Modules with dedicated test suites in v1 (all deep modules):

- **Agent Loop** — fixture-driven tests with a mocked Bedrock client.
  Given a transcript and a scripted model response (text-only,
  text+proposals, multi-proposal, tool-result feedback), assert the
  resulting `{ assistantText, proposals, navigationIntents }` shape and
  the sequence of Bedrock calls.
- **Tool Manifest Validator** — table-driven tests covering valid
  proposals, unknown tool names, missing required args, type mismatches,
  extra args, and arg coercion edge cases.
- **System Prompt Builder** — snapshot-style tests asserting prompt
  composition for representative inputs (different runbook indexes,
  different user identity contexts). Plus invariants: never embeds raw
  user message content, always includes the navigation/scope rules.
- **Smithy → Manifest Generator** — fixture-driven: given a small Smithy
  model and an allowlist, assert the emitted manifest. Cover the
  validation paths (allowlisted-but-missing, missing description,
  missing risk class).
- **Browser Turn Orchestrator** — reducer-style tests over the state
  machine: dispatching `userTyped`, `streamedTokenReceived`,
  `proposalsReceived`, `proposalApproved`, `proposalDeclined`,
  `toolResultReceived`, `turnComplete`. Cover error states, multi-proposal
  turns, and decline-then-continue flows.
- **Proposal Executor** — given a proposal and a mocked SDK, assert that
  args are validated, the right SDK method is invoked, the response is
  projected/truncated per manifest rules, and errors are normalized.

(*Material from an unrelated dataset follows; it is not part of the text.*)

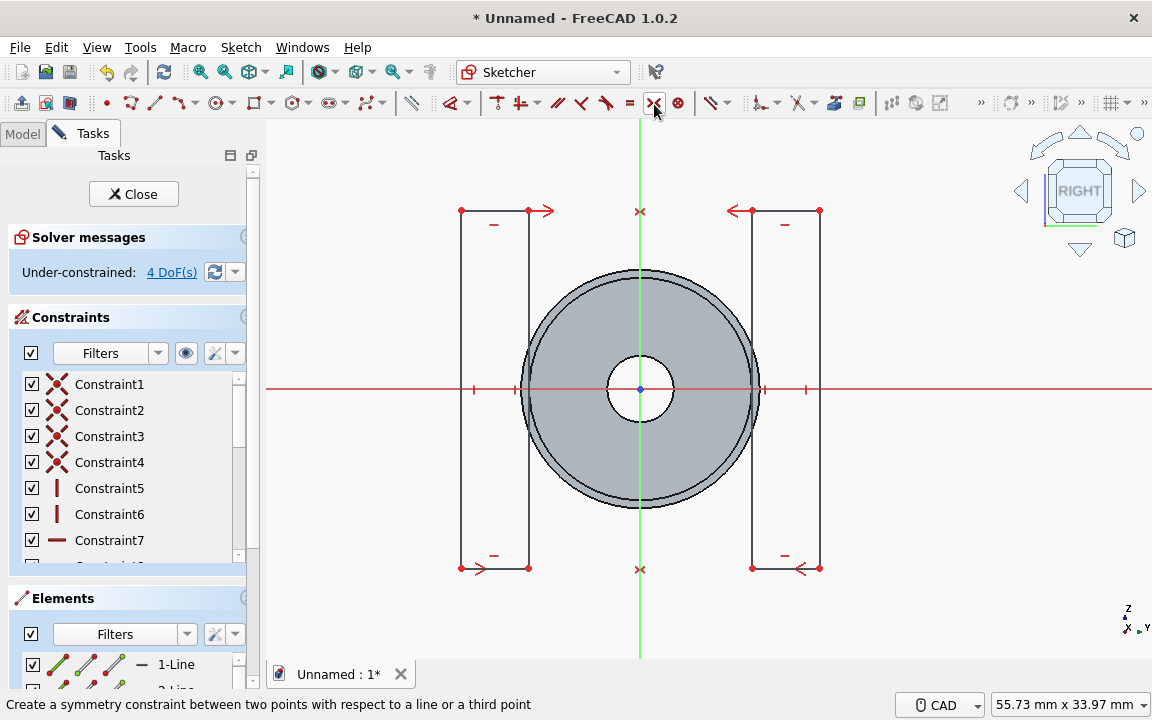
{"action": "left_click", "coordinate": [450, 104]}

Modules **not** getting dedicated tests in v1: Conversation Turn Handler
(covered transitively by Agent Loop tests + manual smoke), Bedrock
Client Wrapper (thin), Runbook Retriever (thin), Tool Registry (data),
Approval Card UI, Chat UI, Navigation Intent Handler, CDK app.

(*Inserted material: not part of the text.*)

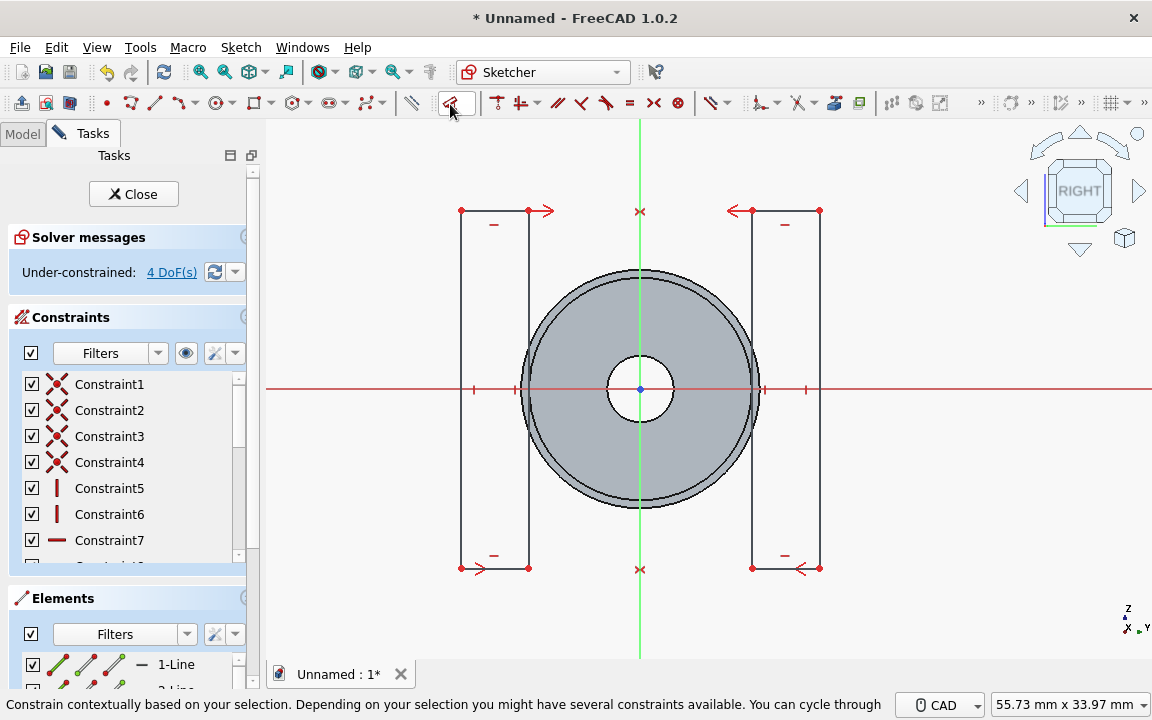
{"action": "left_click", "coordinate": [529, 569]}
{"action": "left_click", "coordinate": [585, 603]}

No model-evaluation suite in v1.

No Playwright end-to-end in v1.

Prior art: this is a new codebase — no prior tests to mirror.

## Out of Scope

Explicitly deferred in v1:

- Cross-device / cross-tab conversation persistence (transcript is
  browser-tab-local in v1).
- Per-user rate limiting and per-user Bedrock cost budgets. The team has
  accepted the abuse and cost risk for v1.
- "Auto-approve reads" or any per-session approval-batching UX. Every
  API call gets its own approval card.
- Macro-tools that bundle several underlying calls behind one approval.
- Server-side re-validation of proposals against user permissions. See
  ADR 0001 — backend API authz is the only check.
- Product / policy / pricing / legal Q&A. The agent declines and
  navigates.
- Non-URL navigation intents: opening drawers, scrolling to sections,
  prefilling forms.
- Model-evaluation suite for retrieval / agent quality.
- A Knowledge Base for product documentation (separate from
  [[Runbook|runbooks]]).
- Internationalization of agent responses.
- Multi-tenant runbook isolation (one-tenant-per-deployment assumed in
  v1).
- Anonymous / pre-login chat.
- Transcript content (user messages, tool-result payloads) in logs.
  We log shape and token counts only.
- Compliance-driven log retention design (SOC2 / GDPR / HIPAA).
- Live / hot-reload runbook authoring. Sync is CI-on-merge only.
- Mixed-model strategies (using Sonnet for hard turns and Haiku for
  easy ones). Single model in v1.

## Further Notes

- The split between the [[Tool Manifest]] (data) and the
  [[Tool Registry (Browser)]] (runtime function table) is the
  load-bearing decision that lets us use the existing frontend SDK
  without rebuilding HTTP plumbing. Preserve this split as the codebase
  evolves.
- The [[Runbook]] index in the system prompt should stay short (titles +
  one-line summaries). The full runbook bodies come in via
  `lookupRunbook` retrievals. This keeps token cost down and makes the
  agent's retrievals visible in logs.
- The "agent is a UI, not a trust boundary" framing (ADR 0001) is the
  single most load-bearing decision. Anything that introduces
  server-side privilege checks distinct from the backend API's checks
  is breaking ADR 0001 and should be revisited.
- The known-deferred items in [Out of Scope](#out-of-scope) are
  deliberate v1 trade-offs, not oversights. Specifically, per-user rate
  limits and cost budgets are the highest-risk deferral — if v1 reaches
  any non-trivial user count, prioritize these before broader rollout.